Existe poca información en la literatura respecto de la presencia de AR en pacientes con desórdenes de células plasmáticas. Amiel et al⁽⁵⁸⁾ evaluaron AR en los loci TP53 (17p13), RB1 (13q14) y 21q22 en pacientes con MM y MGUS (monoclonal gammopathy of undetermined significance) encontrando un aumento significativo del porcentaje de células asincrónicas en MM respecto de controles, con valores intermedios para el MGUS, indicando un rol para la AR en la progresión de MGUS a MM. Un trabajo reciente de nuestro laboratorio⁽⁵⁹⁾, analizó la AR en los loci TP53 y RB1 en pacientes con MM detectando un aumento significativo del porcentaje de células asincrónicas en los casos con deleción de estos genes y de pacientes con cariotipo anormal respecto de aquéllos con cariotipo y FISH normal y de controles, sustentando una asociación entre las modificaciones en la AR y la adquisición de alteraciones genéticas e IG en esta patología.

Figura 2. Núcleos interfásicos hibridados con la sonda RB1 13q14 (Live-Lexel, Buenos Aires, Argentina) mostrando asincronismo de replicación: a) replicación sincrónica temprana: dos señales simples (SS); b) replicación asincrónica: una señal simple y una doble (SD); c) replicación sincrónica tardía: dos señales dobles (DD).

Inestabilidad de microsatélites (IMS)

La IMS es otra forma de IG, presente en las diferentes neoplasias. Los microsatélites son secuencias cortas de ADN, de uno a seis pares de bases, repetidas en tándem a lo largo del genoma eucariota. Se caracteriza por una disminución o un aumento en la longitud de los microsatélites en el ADN tumoral en comparación con el ADN normal, y se asocia a una mayor frecuencia de mutaciones puntuales^(60,61). Esta alteración puede ser corregida por las enzimas codificadas por los genes de reparación del ADN (MMR: mismatch repair), siendo considerada un desorden de los genes MMR, que impide que los errores de replicación cometidos por la ADN-polimerasa sean reparados, determinando una mayor tasa de mutación, particularmente en las regiones de microsatélites, y la aparición de un fenotipo mutador.

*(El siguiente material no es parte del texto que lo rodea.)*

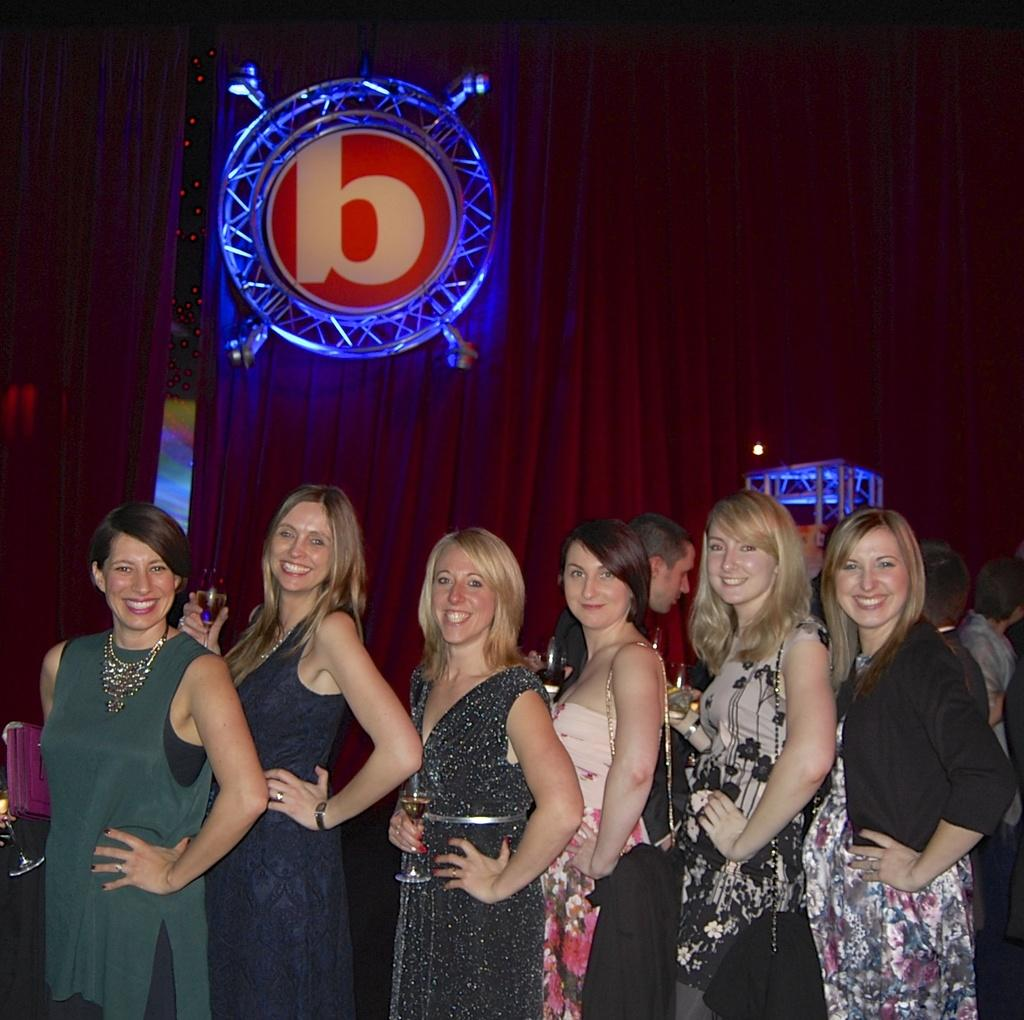How many girls are in the image? There are girls in the image. Where are the girls positioned in the image? The girls are standing in the front. What expression do the girls have in the image? The girls are smiling in the image. What are the girls doing in the image? The girls are posing for the camera in the image. What can be seen in the background of the image? There is a red color curtain and a round iron frame disk. What type of sidewalk can be seen in the image? There is no sidewalk present in the image. Is there a crook in the image? There is no crook present in the image. 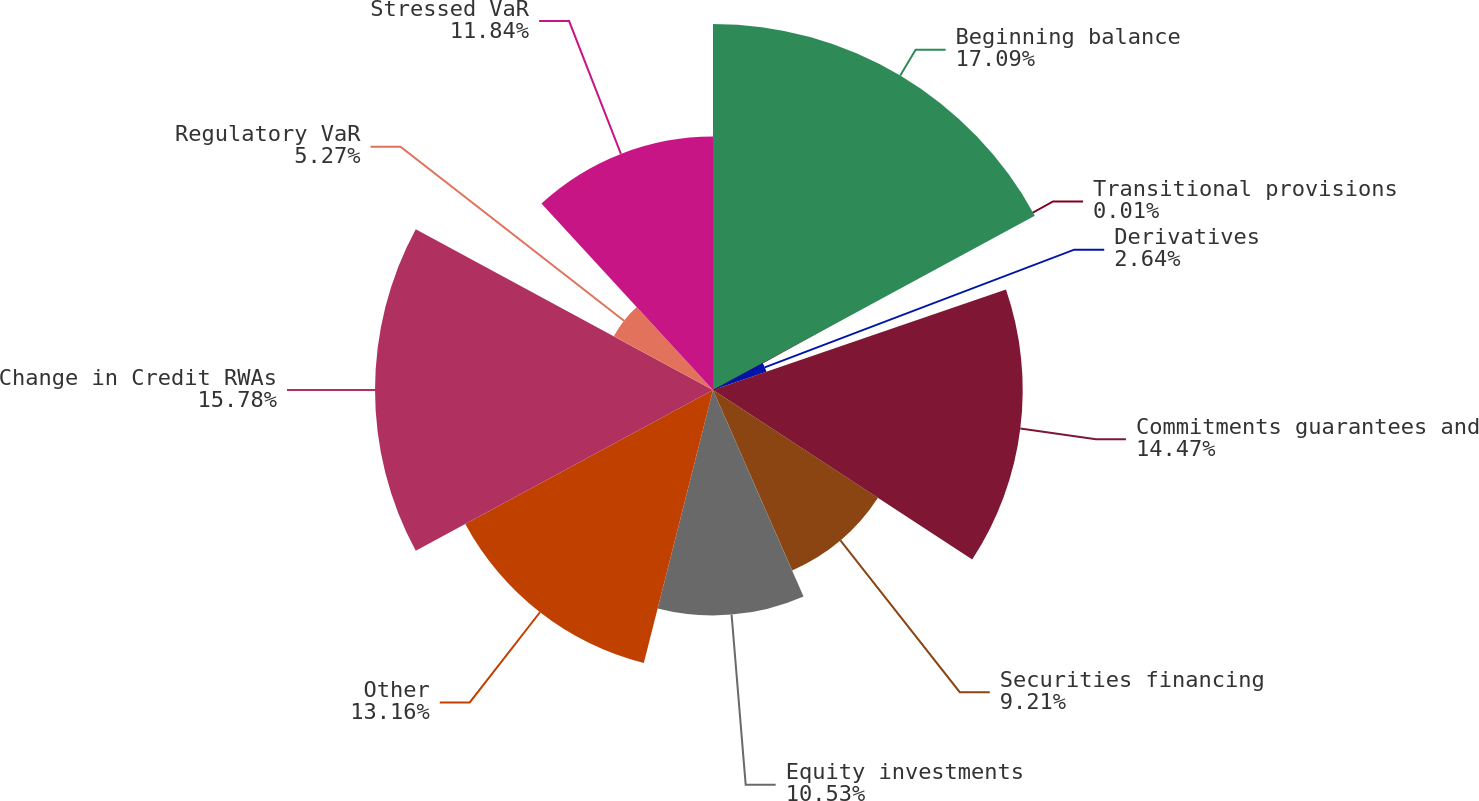<chart> <loc_0><loc_0><loc_500><loc_500><pie_chart><fcel>Beginning balance<fcel>Transitional provisions<fcel>Derivatives<fcel>Commitments guarantees and<fcel>Securities financing<fcel>Equity investments<fcel>Other<fcel>Change in Credit RWAs<fcel>Regulatory VaR<fcel>Stressed VaR<nl><fcel>17.1%<fcel>0.01%<fcel>2.64%<fcel>14.47%<fcel>9.21%<fcel>10.53%<fcel>13.16%<fcel>15.79%<fcel>5.27%<fcel>11.84%<nl></chart>

IMS ha sido relativamente poco estudiado en MM. Un primer reporte de Velangi et al⁽⁶²⁾ detectó su presencia en el 7,7% de los casos con MGUS/MM asintomático, en el 20,7% en aquéllos con MM sintomático/leucemia de células plasmáticas (LCP) y en el 12,5% de los pacientes en recaída, sugiriendo un incremento de la IG durante la progresión de la enfermedad. Por su parte, Timurağaoğlu et al⁽⁶³⁾ observaron IMS en el 54% de los pacientes con MM al momento del diagnóstico, aunque sin encontrar asociación con factores pronóstico de la patología. Un trabajo más reciente⁽⁶⁴⁾ empleando la técnica HRFMA (high resolution fluorescent microsatellite analysis), detectó una frecuencia mucho menor (10%) en pacientes con MM, siendo en todos los casos alteraciones de tipo A (con cambios de hasta 6 pb)⁽⁶⁵⁾. Si bien, el número de pacientes evaluados al presente es limitado, los resultados obtenidos muestran que el fenotipo mutador está presente en el MM, siendo necesario más estudios para confirmar estos hallazgos.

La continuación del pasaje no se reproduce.